In short, it didn’t work where an organization had a number of departments with unequal requirements, where some users needed to share just a small part of a server for a small amount of time.
So in 2018 we added the ability to create multiple queues, and map them to multiple engines. This technique Don calls Server Capacity Management.
Adding Queues and Assigning Resources
Here’s my FME Server installation as shown by the web interface. I have eight engines available:
Underneath that I have a new table displaying a single default queue, but a button with which to create others:
So I can create a queue for the knowledge team (my team at Safe) to submit jobs:
There is a Priority parameter because in 2018 you set job priority at the queue level. Job level priority is deprecated (although for now it still exists as an advanced parameter). A smaller number indicates a higher priority.

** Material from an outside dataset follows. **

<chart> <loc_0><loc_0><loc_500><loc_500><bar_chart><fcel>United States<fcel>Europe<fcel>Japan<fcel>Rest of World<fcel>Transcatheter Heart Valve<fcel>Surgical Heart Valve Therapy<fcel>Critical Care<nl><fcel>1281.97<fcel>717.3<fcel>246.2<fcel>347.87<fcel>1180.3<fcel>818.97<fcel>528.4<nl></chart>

Notice that you assign the engine to the queue, not the queue to the engine. Here I’ve assigned Engine 7 to the queue, with a priority of 3. Engine 7 is also assigned to the default queue, but there its priority is 5. So if there are jobs in both queues waiting for an engine, and Engine 7 becomes free, the knowledge team jobs will get priority.
I could remove Engine 7 from the default queue completely, saving that engine only for jobs submitted to the knowledge team’s queue. Doing that makes the Priority setting redundant. Priority only has an effect where assigning the same engine to multiple queues.

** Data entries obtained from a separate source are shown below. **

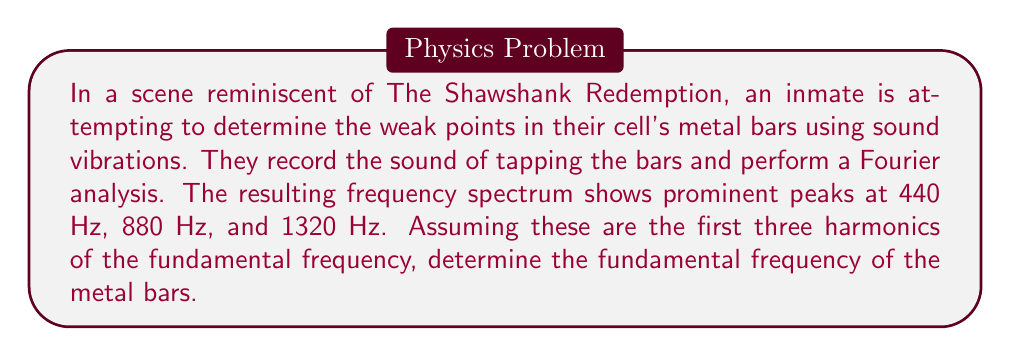Provide a solution to this math problem. To solve this problem, we need to understand the relationship between harmonics and the fundamental frequency in Fourier analysis. In a vibrating system like metal bars:

1) The fundamental frequency ($f_0$) is the lowest frequency of vibration.
2) Harmonics are integer multiples of the fundamental frequency.
3) The $n$-th harmonic frequency is given by $f_n = n \cdot f_0$, where $n$ is a positive integer.

Given information:
- First peak: 440 Hz
- Second peak: 880 Hz
- Third peak: 1320 Hz

Let's analyze these frequencies:

1) If 440 Hz is the fundamental frequency:
   $$f_1 = 440 \text{ Hz}$$
   $$f_2 = 2 \cdot 440 = 880 \text{ Hz}$$
   $$f_3 = 3 \cdot 440 = 1320 \text{ Hz}$$

2) If 440 Hz is the first harmonic (and not the fundamental):
   $$f_1 = 440 \text{ Hz} = 2f_0$$
   $$f_0 = 220 \text{ Hz}$$

   Let's check if this fits the other peaks:
   $$f_2 = 2 \cdot 220 = 440 \text{ Hz}$$
   $$f_3 = 3 \cdot 220 = 660 \text{ Hz}$$
   $$f_4 = 4 \cdot 220 = 880 \text{ Hz}$$
   $$f_6 = 6 \cdot 220 = 1320 \text{ Hz}$$

The second option fits all the given peaks (440 Hz as 2nd harmonic, 880 Hz as 4th harmonic, and 1320 Hz as 6th harmonic). Therefore, the fundamental frequency is 220 Hz.
Answer: The fundamental frequency of the metal bars is 220 Hz.

You’ll also have spotted that each repository can be assigned to a queue. Like engines, I assign the repository to the queue, not the queue to the repository. Unlike engines, each repository is assigned to a maximum of one queue. If I add a repository to a second queue, it must be removed from the first:
By default, FME assigns all jobs to the queue of their respective workspace repository.
So I could set up a Knowledge Team repository and assign that repository to a Knowledge Team queue. Or I might assign a Knowledge Team repository to a “Safe Staff” queue along with a Support Team repository, a Sales Team repository, etc.
Or I might not assign any repositories, in which case the user running the job specifies the queue to submit it to.
Speaking of which…
Specifying a Queue
The above section shows how system administrators set up a queue. However, there are also mechanisms for users to submit jobs to a specific queue.
First of all, if a repository is assigned to a queue, and the user is happy using that queue, then nothing need be specified. They just submit the job for processing.
If a user wants to pick a queue at runtime, then they can do that in the web user interface:
Queues are also assigned (and managed) through the REST API. The command /transformations/jobroutes gives a way to create a tag (queue) and to assign an engine to that tag. Then a workspace can run using /transformations/submit with a tag set using TMDirectives in the transformation request.
- So what if I submit a job and don’t specify the queue?
- If the job repository is assigned to a queue, then the job enters that queue. If the repository is not assigned to a queue, then the job enters the System Default Queue.
- How about schedules?
- Yes, scheduled jobs can be assigned to a particular queue. So your daily update that takes four hours to run can be kept on a separate queue to other jobs.
- Does a distributed architecture have any effect?
- Of course. With a distributed architecture, engines can be on an entirely different machines. So the four hour daily update can be sent to a queue whose assigned engines are on separate servers.
Let’s say I have eight engines and am setting up queues for the support, knowledge, and QA teams at Safe. I might set it up like this:
|World Tour Demos||World Tour Demos||1,2,3,4||1||1,2,3,4||1|
|Server Playground Demos||2,3,4||2||2,3,4||2|
|Support Team Short Term||Support||3,4||3||3,4||3|
|Support Team Long Term||Support||7,8||3||7,8||5|
|Short Term Tests||QA Short Term Tests||5,6||4||5,6||3|
|Long Term Tests||QA Long Term Tests||7,8||4||3,4,5,6,7,8||4|
- World tour demos always have engine 1 to themselves. They share engines 2,3,4 but have priority on them. Other server demos have slightly less priority over the same engines.
- The support and knowledge teams share two engines (3,4) for short term jobs, with equal priority. The QA team have two engines (5,6) for their short term jobs.
- For long-term jobs, the support team shares engines 7 and 8 with the QA team. The support team get priority in the day, the QA team get priority at night.
- The QA team have access to engines 3-6 for long term jobs at night. But should any other jobs request those engines, those jobs get priority.
It’s important to remember that if the QA team starts a job on engine 3 at night, then it blocks other jobs on that engine. A job from the knowledge team that arrives later will not be able to interrupt a running job. It will, however, get priority once the QA team job is complete and the engine becomes free.
Also remember that queues and repositories are not fixed. A member of the knowledge team could still submit a job to the support queue instead of their own.
On Demand Changes
This new queuing system is very flexible because it is quickly and easily managed through the web interface.
But what’s better is that you can also manage queues using API calls (click to enlarge):
That means you could set up a scheduled process to remap queues at various times of day. For example, at 5pm you open more engines up to long-term jobs, and at 8am the next day, revert to more engines for short-term job queues.
So what does this all mean? Well, it means that you can fine tune FME Server to provide the best service at the best time to your entire workplace. Multiple queues allow greater flexibility and the option to separate large jobs from small.
It’s not as well documented as the Wimbledon queue system, but there’s way less etiquette to worry about, and it certainly provides better options when you’re managing server capacity.
PS: In fact, Wimbledon has multiple queues too! One for the current day’s play, and one for the following day! Yes, people really do start queuing that far in advance when there are some interesting games on. And what do you get after queuing? Rained on…